Comparing different population groups population over 10 years: 2009 - 2019
<br>
Source: U.S. Census Bureau, Current Population Survey, Annual Social and Economic Supplement, 2009 - 2019
<br>
NOTE: The 2014 CPS ASEC included redesigned questions for income and health insurance coverage

# Digest Data

In [1]:
# import dependencies
import pandas as pd
import plotly.express as px

In [2]:
# import data from github
# data originally as xlsx Excel file, but converted to csv to be hosted in github
yr2009 = pd.read_csv('https://raw.githubusercontent.com/oimartin/Older-and-Wiser/main/data/2009gender_table1.csv')
yr2010 = pd.read_csv('https://raw.githubusercontent.com/oimartin/Older-and-Wiser/main/data/2010gender_table1.csv')
yr2011 = pd.read_csv('https://raw.githubusercontent.com/oimartin/Older-and-Wiser/main/data/2011gender_table1.csv')
yr2012 = pd.read_csv('https://raw.githubusercontent.com/oimartin/Older-and-Wiser/main/data/2012gender_table1.csv')
yr2013 = pd.read_csv('https://raw.githubusercontent.com/oimartin/Older-and-Wiser/main/data/2013gender_table1.csv')
yr2014 = pd.read_csv('https://raw.githubusercontent.com/oimartin/Older-and-Wiser/main/data/2014gender_table1.csv')
yr2015 = pd.read_csv('https://raw.githubusercontent.com/oimartin/Older-and-Wiser/main/data/2015gender_table1.csv')
yr2016 = pd.read_csv('https://raw.githubusercontent.com/oimartin/Older-and-Wiser/main/data/2016gender_table1.csv')
yr2017 = pd.read_csv('https://raw.githubusercontent.com/oimartin/Older-and-Wiser/main/data/2017gender_table1.csv')
yr2018 = pd.read_csv('https://raw.githubusercontent.com/oimartin/Older-and-Wiser/main/data/2018gender_table1.csv')
yr2019 = pd.read_csv('https://raw.githubusercontent.com/oimartin/Older-and-Wiser/main/data/2019gender_table1.csv')

In [3]:
# Save what the original file looked like
# with notes
original_yr2009 = yr2009
original_yr2014 = yr2014

In [4]:
# Check shape of different years
years = [yr2009, yr2010, yr2011, yr2012, yr2013, yr2014,
         yr2015, yr2016, yr2017, yr2018, yr2019]

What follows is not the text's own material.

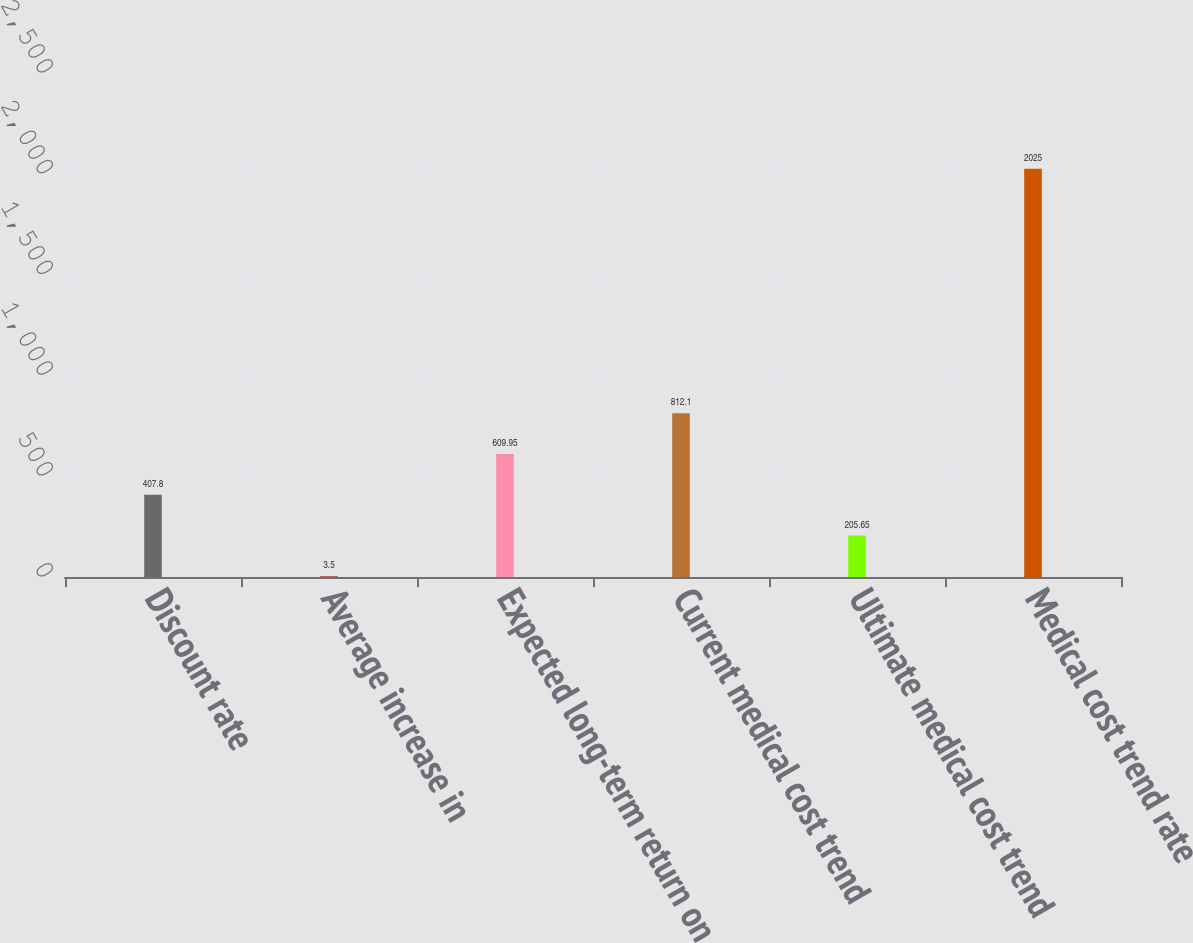Convert chart to OTSL. <chart><loc_0><loc_0><loc_500><loc_500><bar_chart><fcel>Discount rate<fcel>Average increase in<fcel>Expected long-term return on<fcel>Current medical cost trend<fcel>Ultimate medical cost trend<fcel>Medical cost trend rate<nl><fcel>407.8<fcel>3.5<fcel>609.95<fcel>812.1<fcel>205.65<fcel>2025<nl></chart>

yrs = ['2009', '2010', '2011', '2012', '2013', '2014',
       '2015', '2016', '2017', '2018', '2019']
for year in years:
  display(year.shape)

(40, 8)

(40, 8)

(39, 8)

(39, 8)

(41, 8)

(49, 8)

(39, 8)

(41, 8)

(41, 8)

(41, 8)

(42, 8)

In [5]:
# clean up each year of data
for year in range(0,11):

  # Remove column with NaN
  years[year].drop(columns=['Unnamed: 7'], inplace=True)

  # Rename columns
  years[year].rename(columns={years[year].columns[0]:'Age',
                              years[year].columns[1]:'Both_Sexes_No',
                              years[year].columns[2]:'Both_Sexes_Perc.',
                              years[year].columns[3]:'Male_No',
                              years[year].columns[4]:'Male_Perc.',
                              years[year].columns[5]:'Fem_No',
                              years[year].columns[6]:'Fem_Perc.'}, inplace=True)
  # Remove NaN, (X), commas, white space, periods
  years[year].dropna(axis=0, inplace=True)
  years[year].replace('(X)', 0, regex=True, inplace=True)
  years[year].replace(',', '', regex=True, inplace=True)
  years[year]['Age'] = years[year]['Age'].str.lstrip()
  years[year]['Age'] = years[year]['Age'].str.lstrip('.')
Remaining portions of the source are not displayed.